Introduction: We hypothesized that, like apolipoprotein E (APOE), other late-onset Alzheimer's disease (LOAD) genetic susceptibility loci predict mortality.
Methods: We used a weighted genetic risk score (GRS) from 21 non-APOE LOAD risk variants to predict survival in the Adult Changes in Thought and the Health and Retirement Studies. We meta-analyzed hazard ratios and examined models adjusted for cognitive performance or limited to participants with dementia. For replication, we assessed the GRS-longevity association in the Cohorts for Heart and Aging Research in Genomic Epidemiology, comparing cases surviving to age ≥90 years with controls who died between ages 55 and 80 years.

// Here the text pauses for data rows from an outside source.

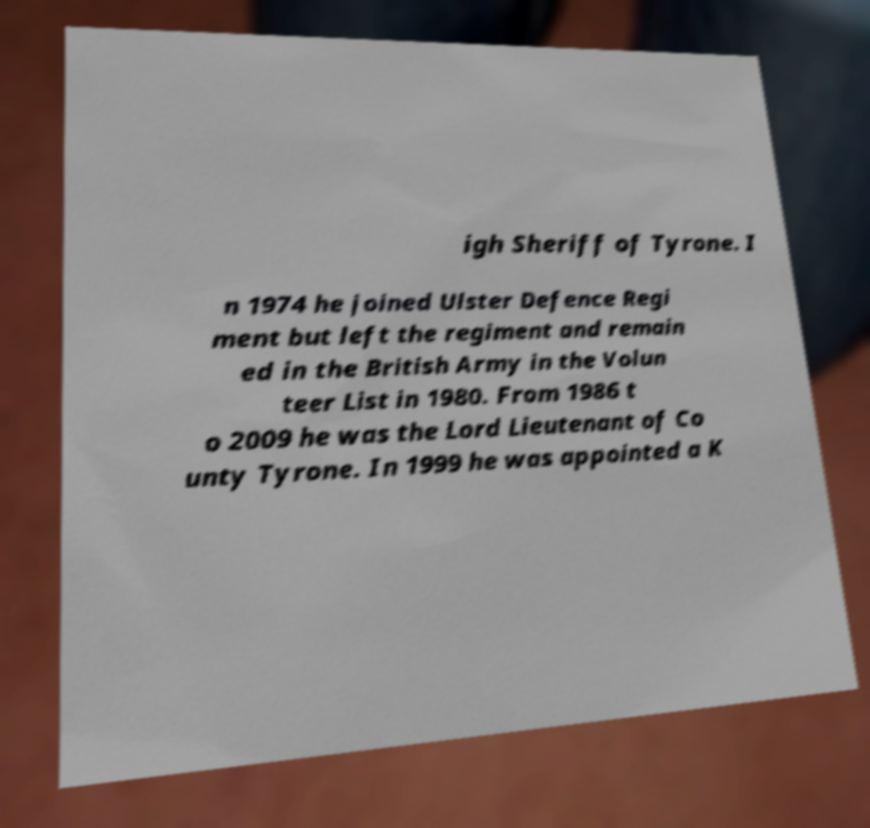Please identify and transcribe the text found in this image. igh Sheriff of Tyrone. I n 1974 he joined Ulster Defence Regi ment but left the regiment and remain ed in the British Army in the Volun teer List in 1980. From 1986 t o 2009 he was the Lord Lieutenant of Co unty Tyrone. In 1999 he was appointed a K 
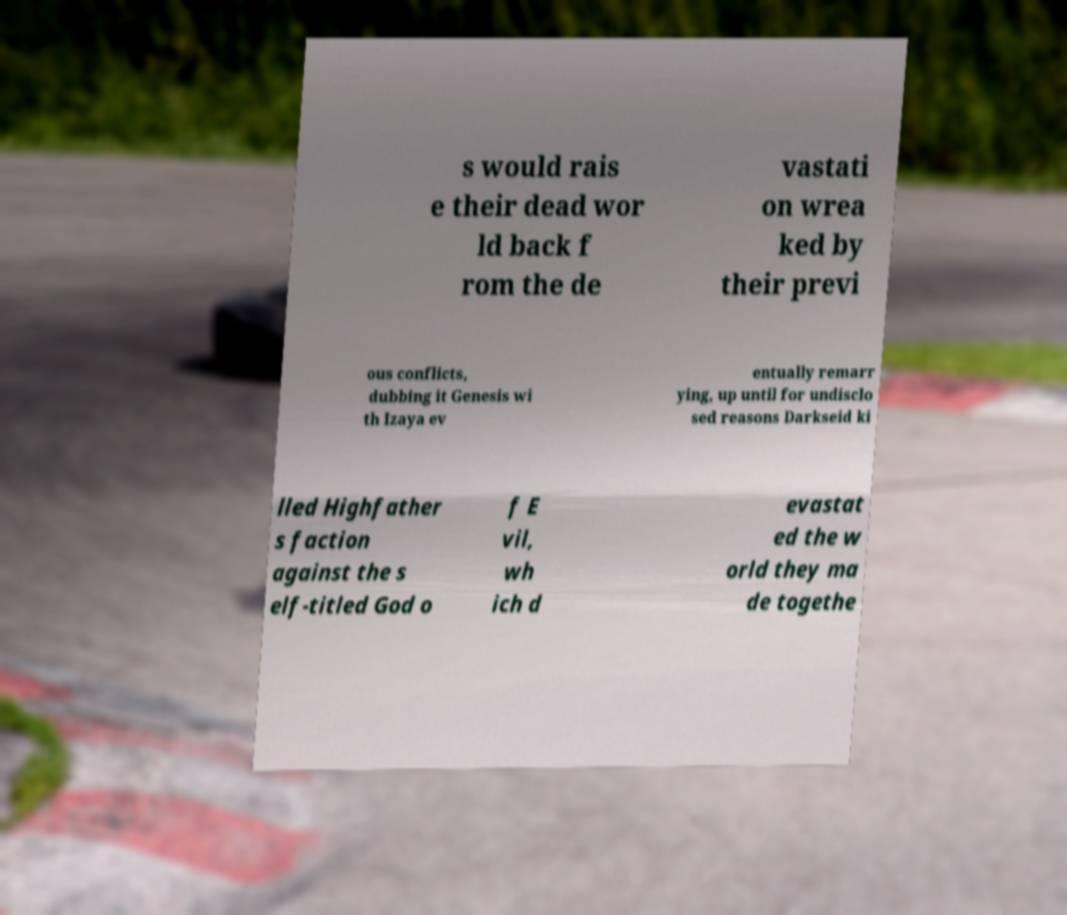Can you read and provide the text displayed in the image?This photo seems to have some interesting text. Can you extract and type it out for me? s would rais e their dead wor ld back f rom the de vastati on wrea ked by their previ ous conflicts, dubbing it Genesis wi th Izaya ev entually remarr ying, up until for undisclo sed reasons Darkseid ki lled Highfather s faction against the s elf-titled God o f E vil, wh ich d evastat ed the w orld they ma de togethe 
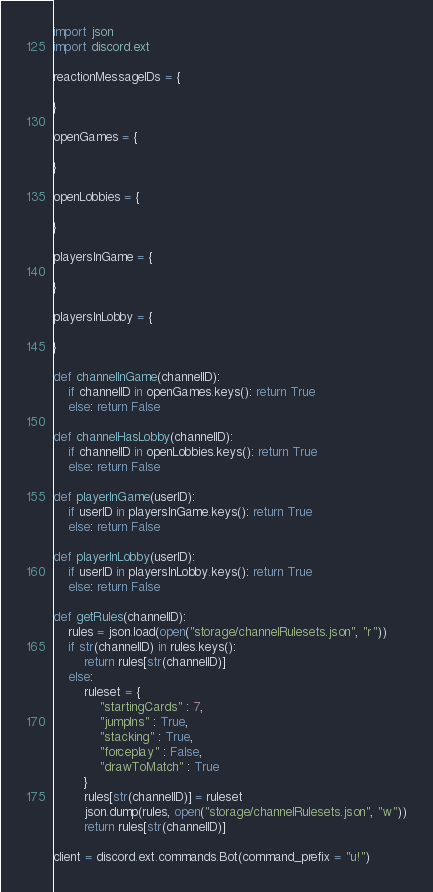Convert code to text. <code><loc_0><loc_0><loc_500><loc_500><_Python_>import json
import discord.ext

reactionMessageIDs = {
    
}

openGames = {

}

openLobbies = {

}

playersInGame = {

}

playersInLobby = {
    
}

def channelInGame(channelID):
    if channelID in openGames.keys(): return True
    else: return False
    
def channelHasLobby(channelID):
    if channelID in openLobbies.keys(): return True
    else: return False

def playerInGame(userID):
    if userID in playersInGame.keys(): return True
    else: return False

def playerInLobby(userID):
    if userID in playersInLobby.keys(): return True
    else: return False

def getRules(channelID):
    rules = json.load(open("storage/channelRulesets.json", "r"))
    if str(channelID) in rules.keys():
        return rules[str(channelID)]
    else:
        ruleset = {
            "startingCards" : 7,
            "jumpIns" : True,
            "stacking" : True,
            "forceplay" : False,
            "drawToMatch" : True
        }
        rules[str(channelID)] = ruleset
        json.dump(rules, open("storage/channelRulesets.json", "w"))
        return rules[str(channelID)]

client = discord.ext.commands.Bot(command_prefix = "u!")</code> 
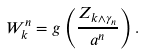Convert formula to latex. <formula><loc_0><loc_0><loc_500><loc_500>W ^ { n } _ { k } = g \left ( \frac { Z _ { k \wedge \gamma _ { n } } } { a ^ { n } } \right ) .</formula> 
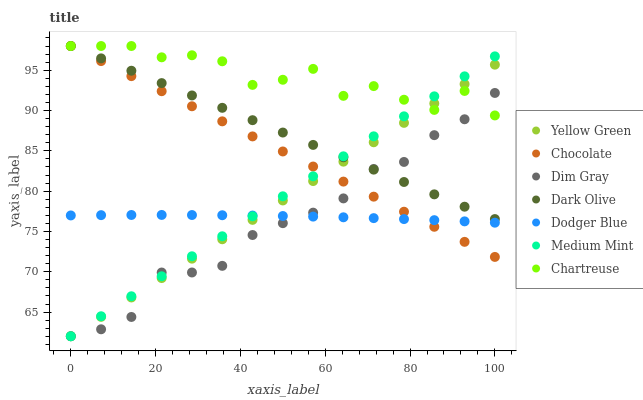Does Dim Gray have the minimum area under the curve?
Answer yes or no. Yes. Does Chartreuse have the maximum area under the curve?
Answer yes or no. Yes. Does Yellow Green have the minimum area under the curve?
Answer yes or no. No. Does Yellow Green have the maximum area under the curve?
Answer yes or no. No. Is Chocolate the smoothest?
Answer yes or no. Yes. Is Chartreuse the roughest?
Answer yes or no. Yes. Is Dim Gray the smoothest?
Answer yes or no. No. Is Dim Gray the roughest?
Answer yes or no. No. Does Medium Mint have the lowest value?
Answer yes or no. Yes. Does Dark Olive have the lowest value?
Answer yes or no. No. Does Chartreuse have the highest value?
Answer yes or no. Yes. Does Dim Gray have the highest value?
Answer yes or no. No. Is Dodger Blue less than Dark Olive?
Answer yes or no. Yes. Is Dark Olive greater than Dodger Blue?
Answer yes or no. Yes. Does Dim Gray intersect Dark Olive?
Answer yes or no. Yes. Is Dim Gray less than Dark Olive?
Answer yes or no. No. Is Dim Gray greater than Dark Olive?
Answer yes or no. No. Does Dodger Blue intersect Dark Olive?
Answer yes or no. No. 
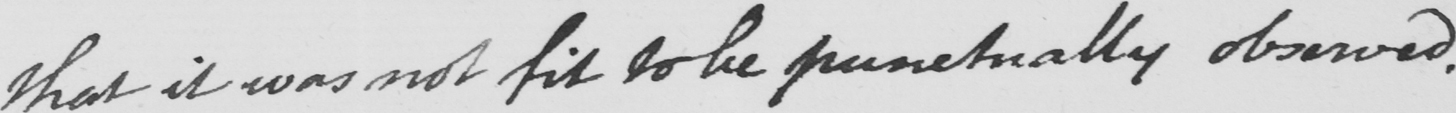What is written in this line of handwriting? that it was not fit to be punctually observed . 
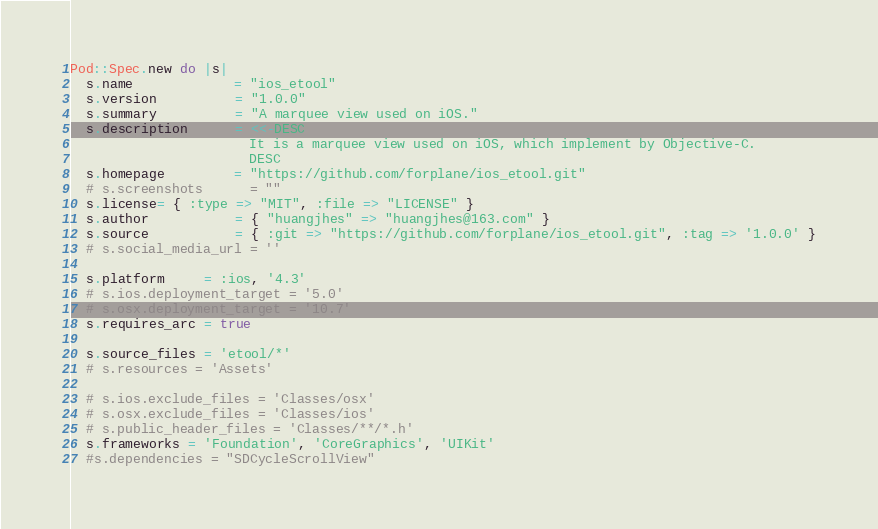Convert code to text. <code><loc_0><loc_0><loc_500><loc_500><_Ruby_>Pod::Spec.new do |s|
  s.name             = "ios_etool"
  s.version          = "1.0.0"
  s.summary          = "A marquee view used on iOS."
  s.description      = <<-DESC
                       It is a marquee view used on iOS, which implement by Objective-C.
                       DESC
  s.homepage         = "https://github.com/forplane/ios_etool.git"
  # s.screenshots      = ""
  s.license= { :type => "MIT", :file => "LICENSE" }
  s.author           = { "huangjhes" => "huangjhes@163.com" }
  s.source           = { :git => "https://github.com/forplane/ios_etool.git", :tag => '1.0.0' }
  # s.social_media_url = ''

  s.platform     = :ios, '4.3'
  # s.ios.deployment_target = '5.0'
  # s.osx.deployment_target = '10.7'
  s.requires_arc = true

  s.source_files = 'etool/*'
  # s.resources = 'Assets'

  # s.ios.exclude_files = 'Classes/osx'
  # s.osx.exclude_files = 'Classes/ios'
  # s.public_header_files = 'Classes/**/*.h'
  s.frameworks = 'Foundation', 'CoreGraphics', 'UIKit'
  #s.dependencies = "SDCycleScrollView"</code>

Results: Higher GRS predicted mortality (hazard ratio = 1.05; 95% confidence interval: 1.00-1.10, P = .04). After adjusting for cognitive performance or restricting to participants with dementia, the relationship was attenuated and no longer significant. In case-control analysis, the GRS was associated with reduced longevity (odds ratio = 0.64; 95% confidence interval: 0.41-1.00, P = .05).
Discussion: Non-APOE LOAD susceptibility loci confer risk for mortality, likely through effects on dementia incidence.
Keywords: APOE; Adult Changes in Thought (ACT); Alzheimer's disease; Cohorts for Heart and Aging Research in Genomic Epidemiology (CHARGE); Collider stratification bias; Genetic risk score; Genome-wide association study (GWAS); Health and Retirement Study (HRS); Longevity; Mortality; Selection bias; Survival analysis; Survivor bias.